Anvisa e CRF criticam ação

De acordo com a assessoria de imprensa da Anvisa, o órgão também defende a necessidade de contenção da venda indiscriminada de antibióticos

iG Minas Gerais | Litza Mattos |

“Absurda” e “um retrocesso” foram as palavras usadas pela assessora técnica do Conselho Regional de Farmácia de Minas Gerais (CRF-MG), Danyella Domingues, para classificar a ação civil pública do MPF.  

Segundo Danyella, todos os argumentos utilizados pelo procurador são facilmente passíveis de contestação e colocam em risco a saúde da população.

Um deles é sobre a automedicação. “Estudos recentes mostram que a automedicação é mais frequente entre as classes altas do que entre as baixas.
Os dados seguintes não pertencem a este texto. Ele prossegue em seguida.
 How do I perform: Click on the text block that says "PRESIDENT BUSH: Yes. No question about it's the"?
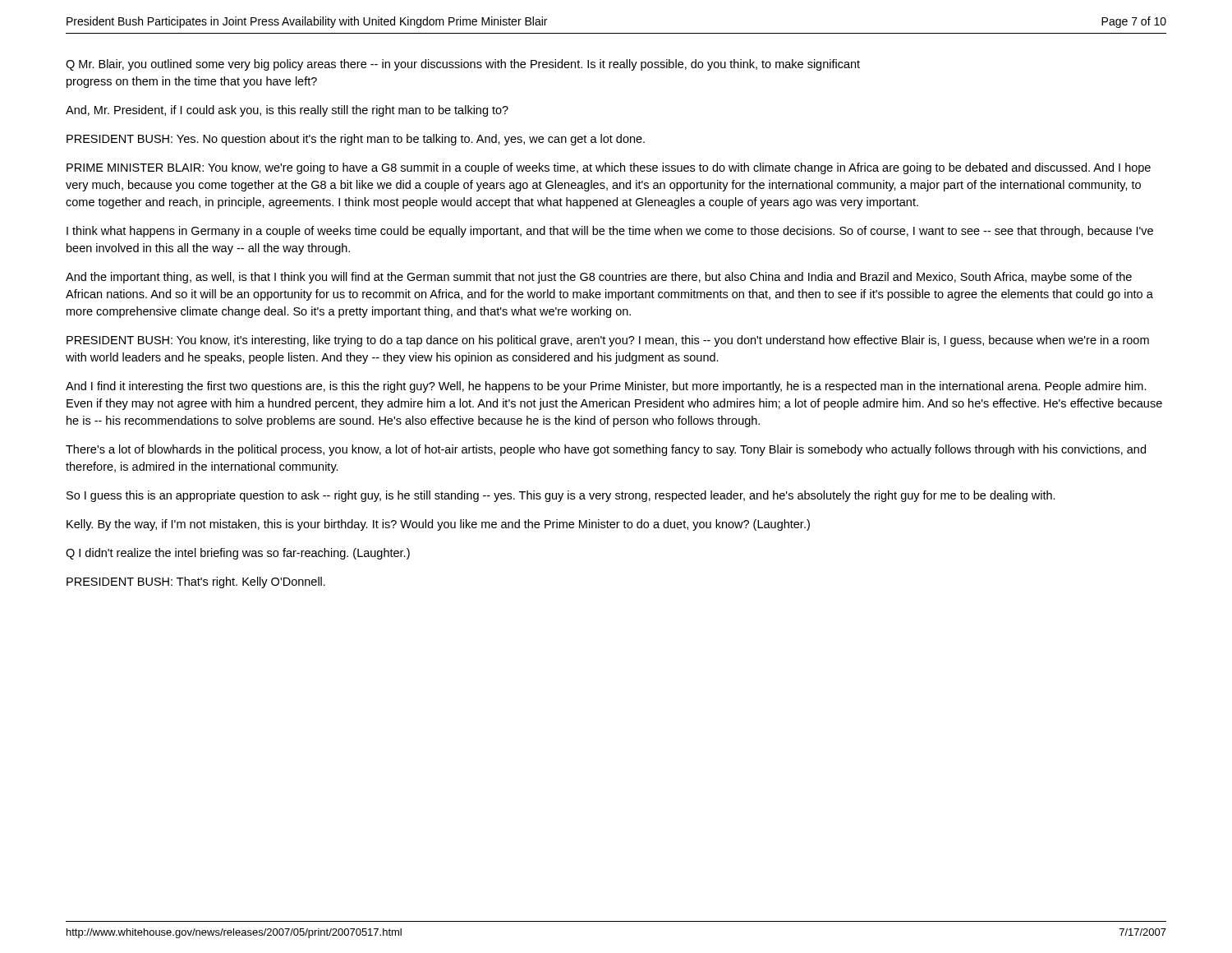(x=356, y=139)
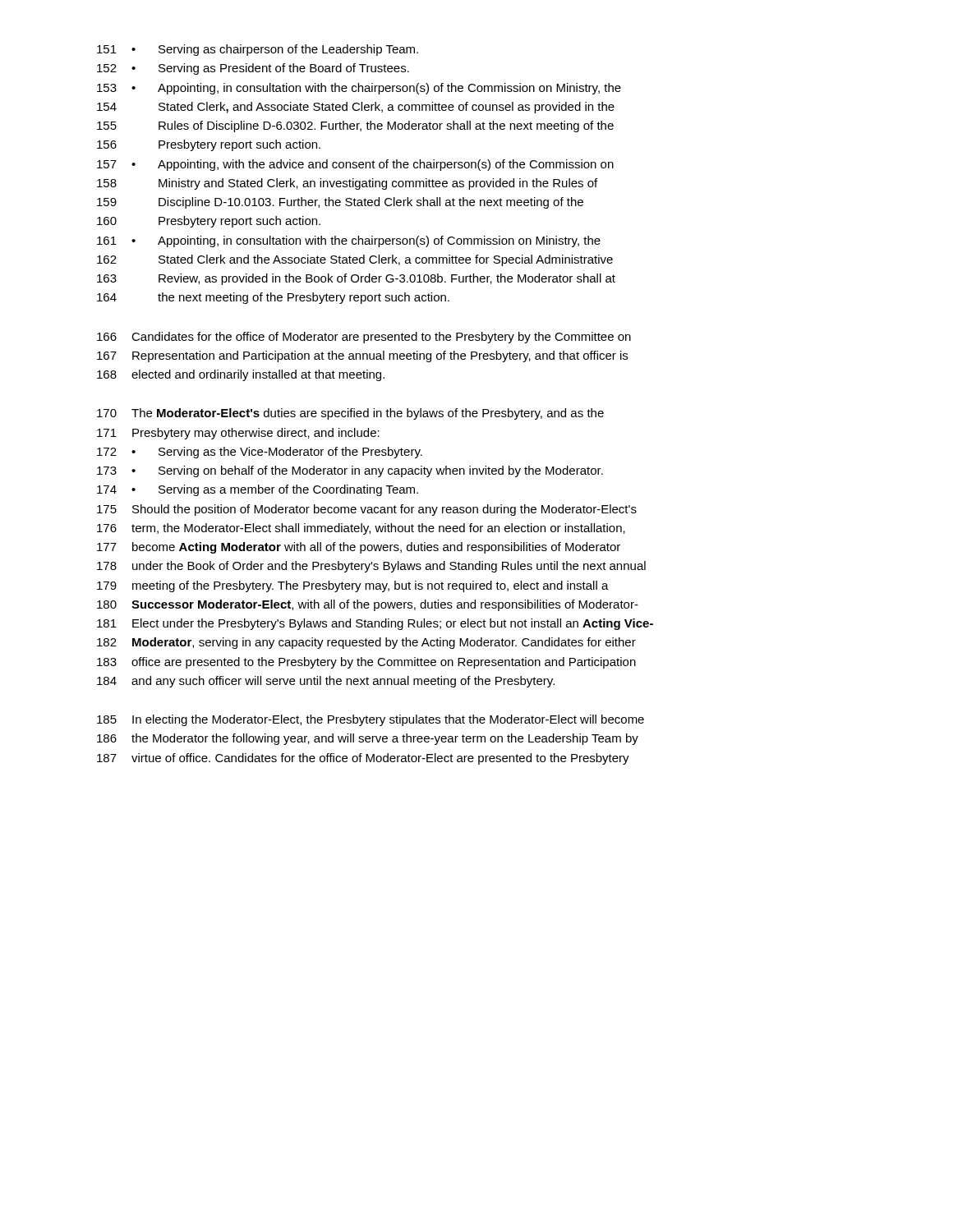Screen dimensions: 1232x953
Task: Where is the passage that starts "184 and any such officer will serve until"?
Action: (476, 680)
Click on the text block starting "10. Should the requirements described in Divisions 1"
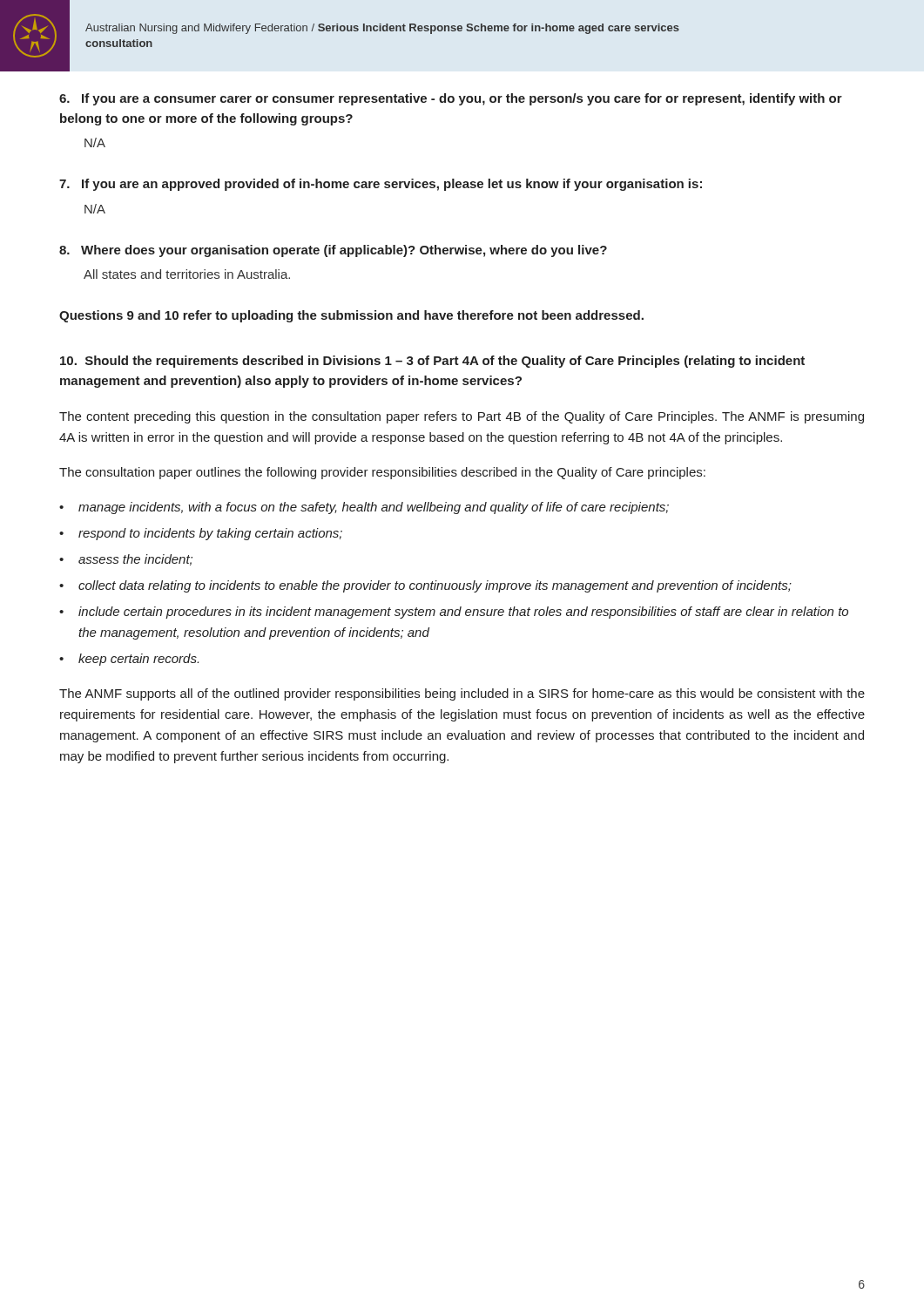This screenshot has height=1307, width=924. pos(432,370)
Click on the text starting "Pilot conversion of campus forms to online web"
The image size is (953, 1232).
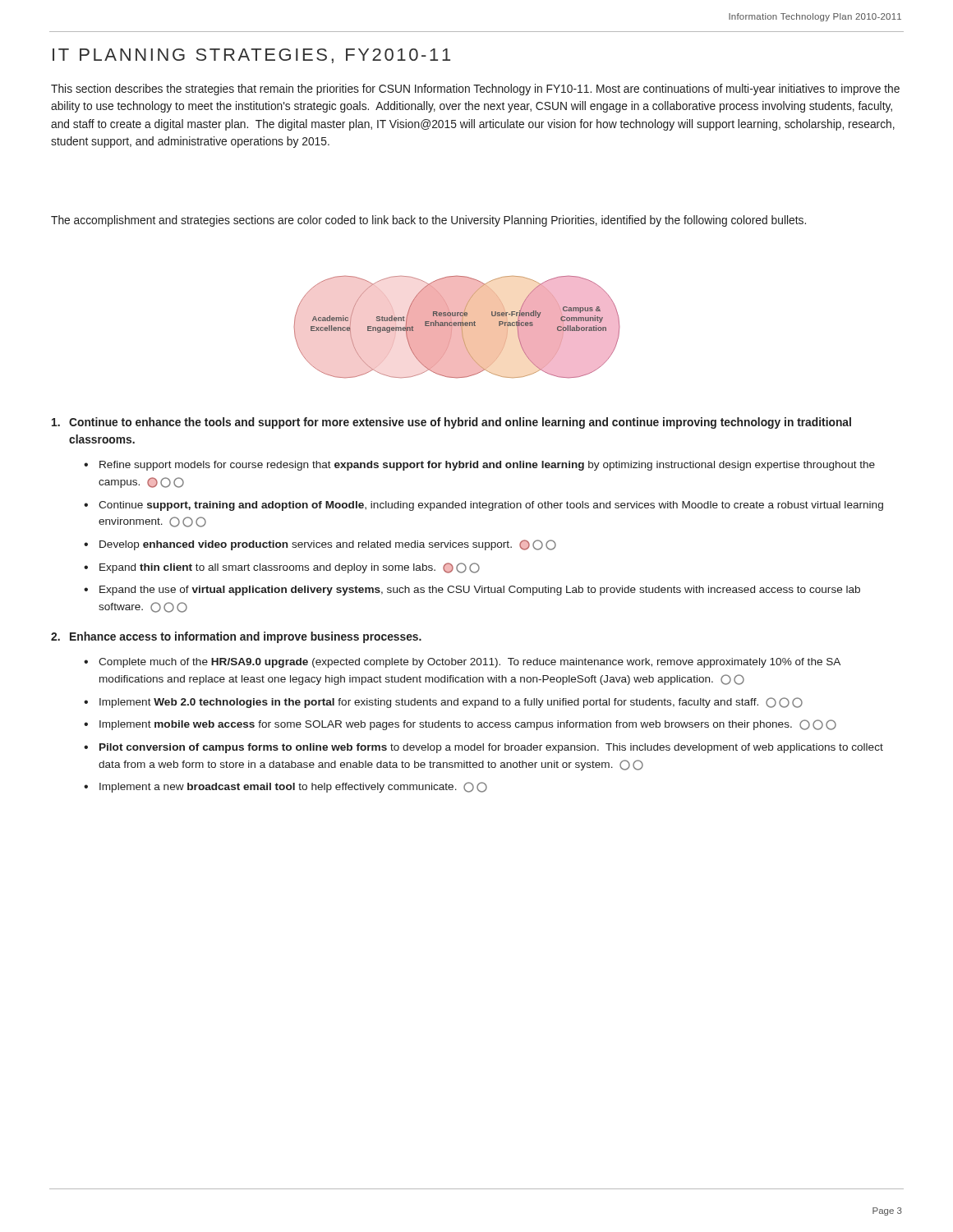coord(500,756)
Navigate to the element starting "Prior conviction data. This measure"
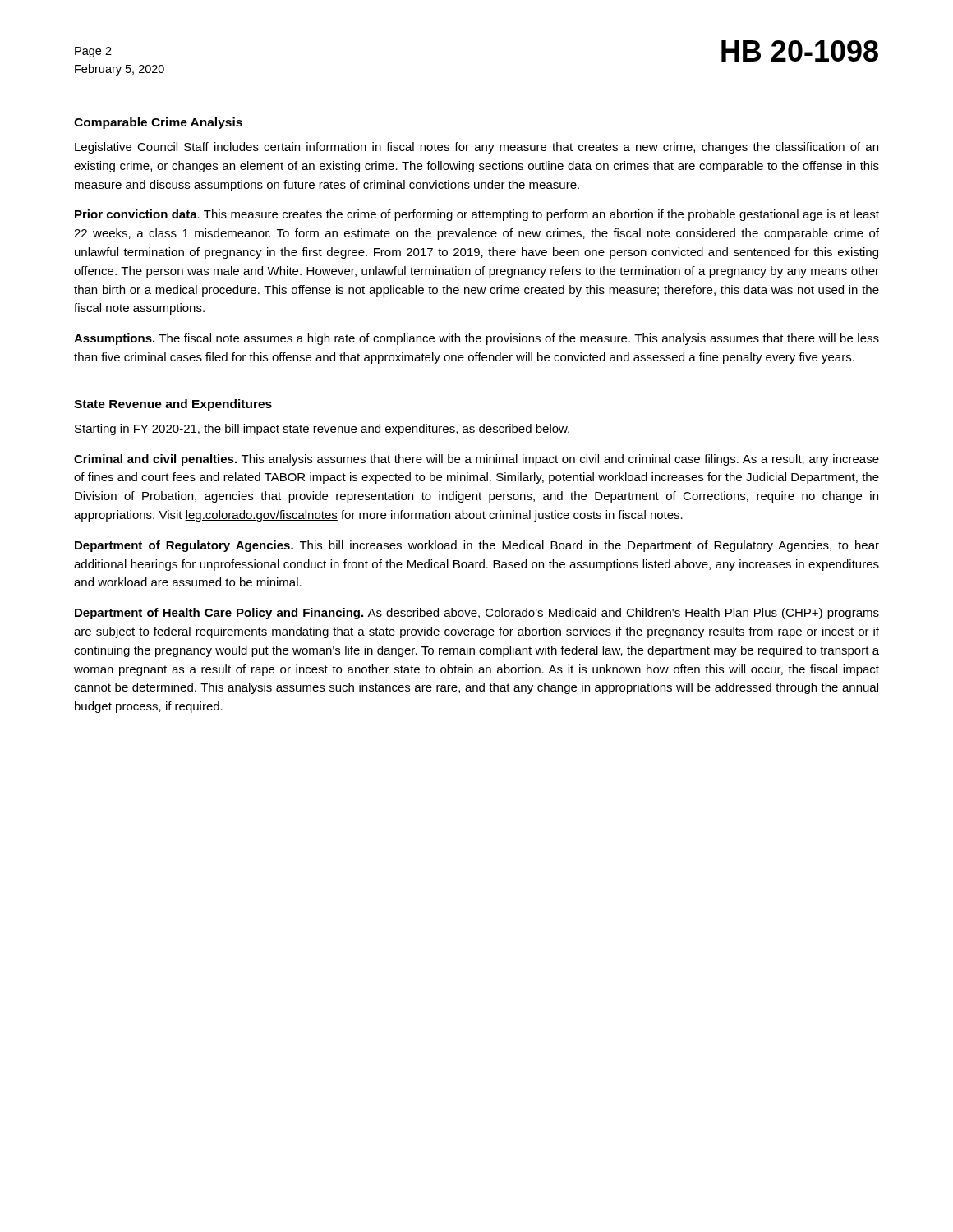Image resolution: width=953 pixels, height=1232 pixels. tap(476, 261)
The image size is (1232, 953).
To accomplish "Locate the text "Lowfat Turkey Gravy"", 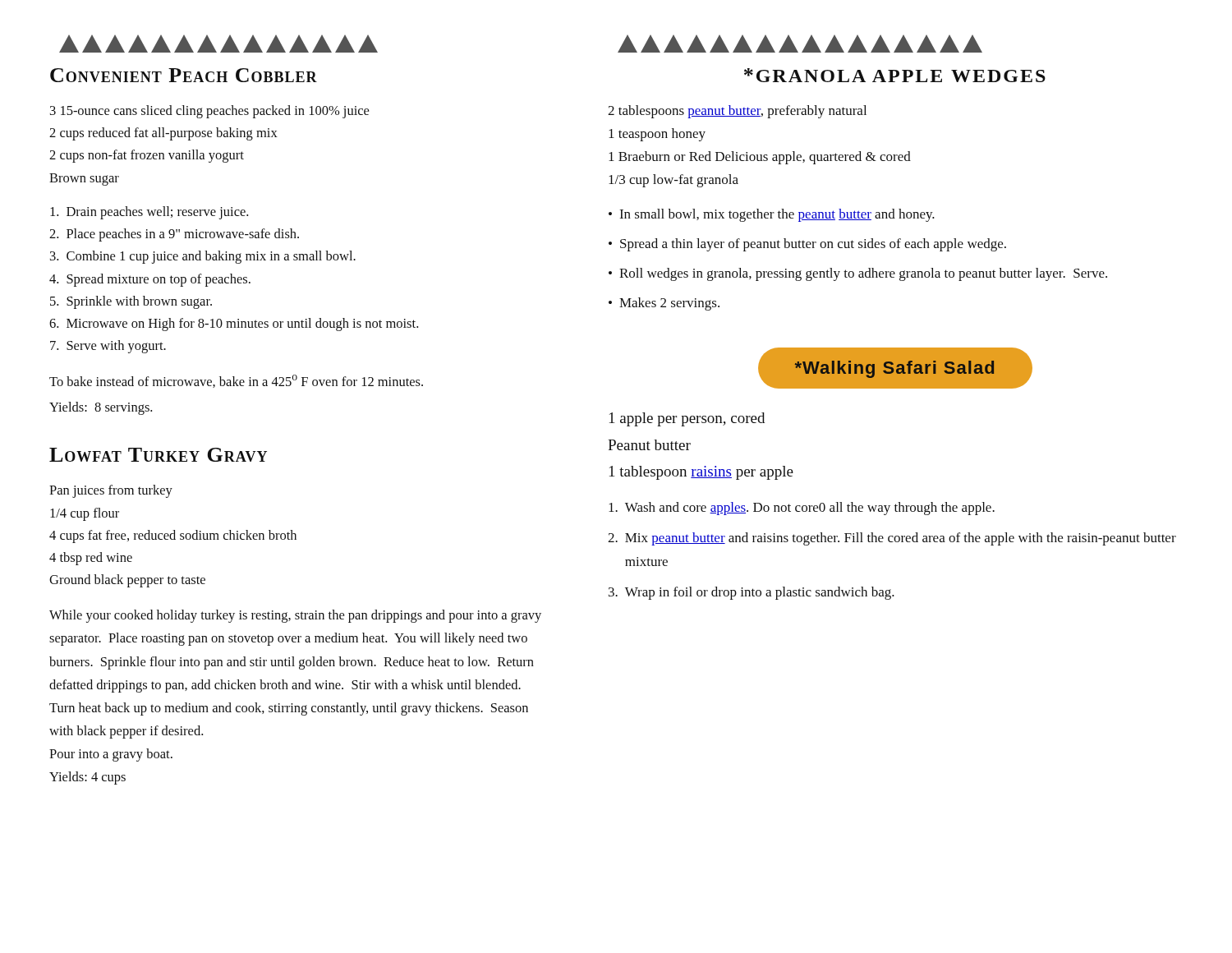I will click(x=159, y=455).
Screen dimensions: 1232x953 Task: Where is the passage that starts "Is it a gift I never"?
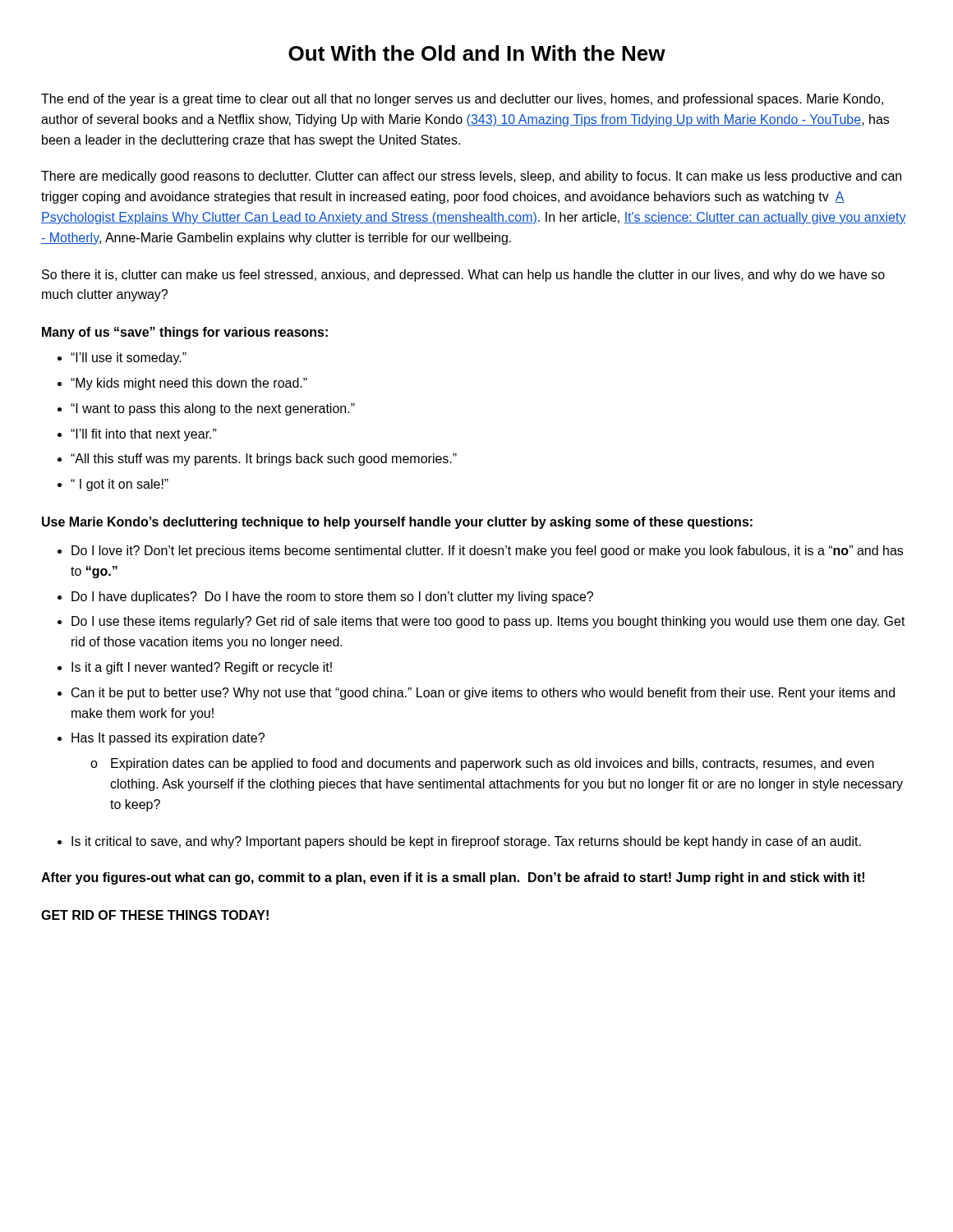click(x=202, y=668)
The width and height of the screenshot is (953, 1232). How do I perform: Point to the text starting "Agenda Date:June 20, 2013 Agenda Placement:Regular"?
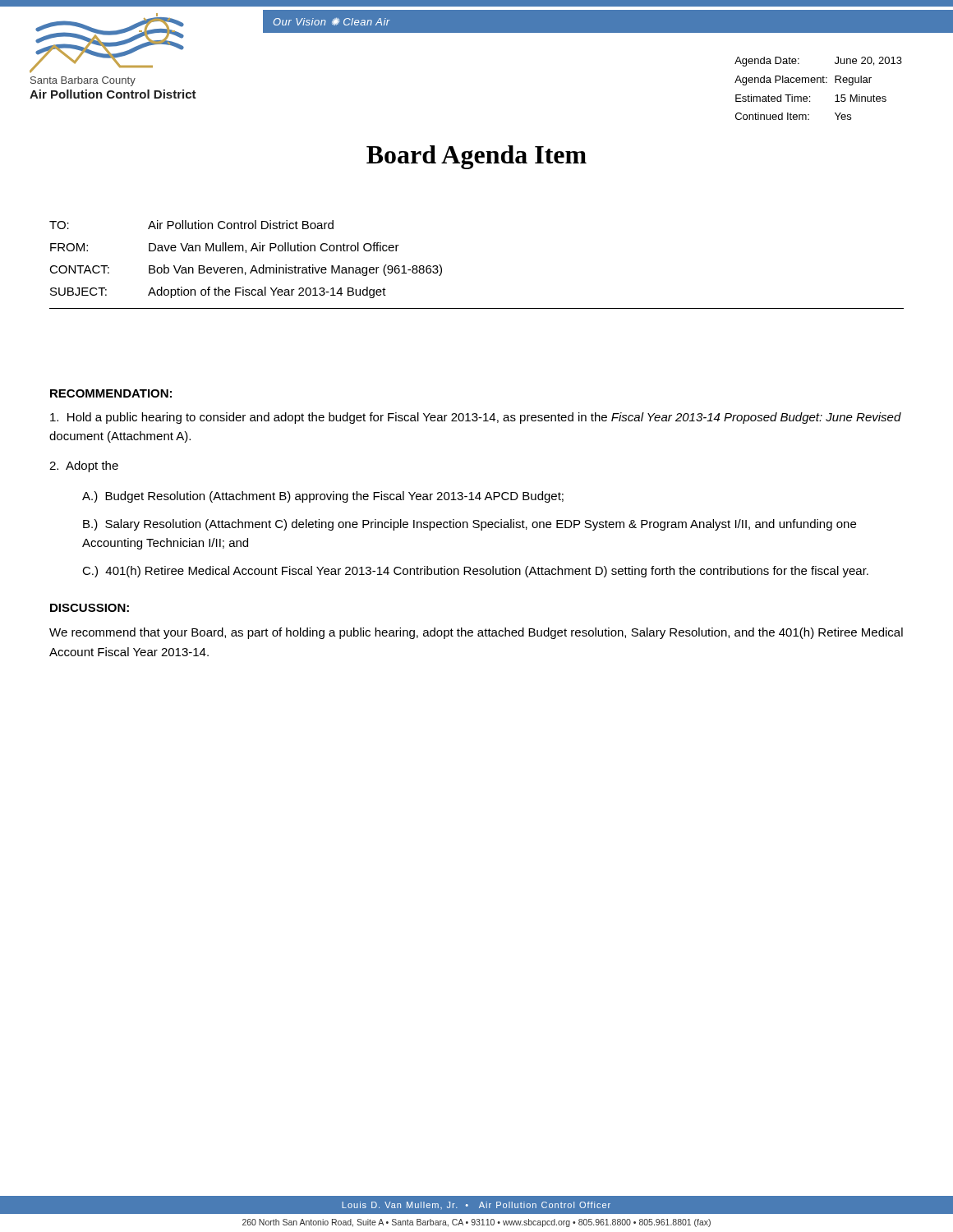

Esse é um hábito relacionado à autonomia do paciente. Falar que é decorrência de uma deficiência do sistema público é uma avaliação superficial. Ter um órgão público defendendo isso é pior ainda”, afirma.

De acordo com a assessoria de imprensa da Anvisa, o órgão também defende a necessidade de contenção da venda indiscriminada de antibióticos. “Essa ação não quer dizer nada por enquanto, mas, se a decisão for favorável, vamos ver que medidas vamos tomar. Hoje a nossa posição é pela venda só com receita”, disse.

A agência acrescentou ainda que não existe nenhum dado de superbactéria nacional. “Não tem nenhum meio científico que comprove que as bactérias são todas de ambiente hospitalar”.